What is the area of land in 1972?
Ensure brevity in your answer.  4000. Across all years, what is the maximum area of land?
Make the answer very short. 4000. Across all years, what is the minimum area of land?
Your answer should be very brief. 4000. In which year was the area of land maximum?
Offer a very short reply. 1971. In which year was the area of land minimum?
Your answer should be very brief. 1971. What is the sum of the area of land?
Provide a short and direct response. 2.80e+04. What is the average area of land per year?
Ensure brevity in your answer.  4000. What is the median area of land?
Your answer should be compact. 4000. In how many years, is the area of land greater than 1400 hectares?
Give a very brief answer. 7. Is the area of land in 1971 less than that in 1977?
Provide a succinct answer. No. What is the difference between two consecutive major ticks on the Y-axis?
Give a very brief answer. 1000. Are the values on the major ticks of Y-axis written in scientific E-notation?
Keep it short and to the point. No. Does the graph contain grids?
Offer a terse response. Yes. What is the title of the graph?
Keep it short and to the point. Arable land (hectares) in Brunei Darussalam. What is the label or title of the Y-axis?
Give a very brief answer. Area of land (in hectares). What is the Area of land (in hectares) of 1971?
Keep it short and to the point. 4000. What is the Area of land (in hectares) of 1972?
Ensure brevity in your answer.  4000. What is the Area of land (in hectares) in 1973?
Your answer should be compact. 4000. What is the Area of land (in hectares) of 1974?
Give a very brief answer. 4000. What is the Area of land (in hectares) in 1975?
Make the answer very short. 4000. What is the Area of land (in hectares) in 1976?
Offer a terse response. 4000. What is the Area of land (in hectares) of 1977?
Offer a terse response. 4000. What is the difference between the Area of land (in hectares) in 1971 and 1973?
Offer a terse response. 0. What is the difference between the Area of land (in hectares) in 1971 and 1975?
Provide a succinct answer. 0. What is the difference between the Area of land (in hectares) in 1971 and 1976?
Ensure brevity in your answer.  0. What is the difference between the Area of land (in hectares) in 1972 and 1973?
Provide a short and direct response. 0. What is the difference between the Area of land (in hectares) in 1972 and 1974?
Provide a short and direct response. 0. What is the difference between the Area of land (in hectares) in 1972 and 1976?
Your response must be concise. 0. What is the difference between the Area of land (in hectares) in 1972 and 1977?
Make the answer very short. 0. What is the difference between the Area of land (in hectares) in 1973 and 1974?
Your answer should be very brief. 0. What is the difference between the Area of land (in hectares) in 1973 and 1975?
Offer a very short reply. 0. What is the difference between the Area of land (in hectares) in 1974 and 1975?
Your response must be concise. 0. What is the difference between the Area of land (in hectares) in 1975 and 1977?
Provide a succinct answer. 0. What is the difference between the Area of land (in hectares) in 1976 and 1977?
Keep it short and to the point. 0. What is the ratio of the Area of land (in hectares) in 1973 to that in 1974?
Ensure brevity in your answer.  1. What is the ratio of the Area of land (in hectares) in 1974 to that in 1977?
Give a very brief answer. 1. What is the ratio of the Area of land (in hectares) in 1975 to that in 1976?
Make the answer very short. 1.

**Goal of the exercise**: Beginning with the line that has "Keep it short and to the point. No." and ending with the line that has "Offer a terse response. 4000. What is the Area", set down the lines above exactly and include no others.

**Result**:
Keep it short and to the point. No. Does the graph contain grids?
Offer a terse response. Yes. What is the title of the graph?
Keep it short and to the point. Arable land (hectares) in Brunei Darussalam. What is the label or title of the Y-axis?
Give a very brief answer. Area of land (in hectares). What is the Area of land (in hectares) of 1971?
Keep it short and to the point. 4000. What is the Area of land (in hectares) of 1972?
Ensure brevity in your answer.  4000. What is the Area of land (in hectares) in 1973?
Your answer should be compact. 4000. What is the Area of land (in hectares) of 1974?
Give a very brief answer. 4000. What is the Area of land (in hectares) in 1975?
Make the answer very short. 4000. What is the Area of land (in hectares) in 1976?
Offer a terse response. 4000. What is the Area of land (in hectares) of 1977?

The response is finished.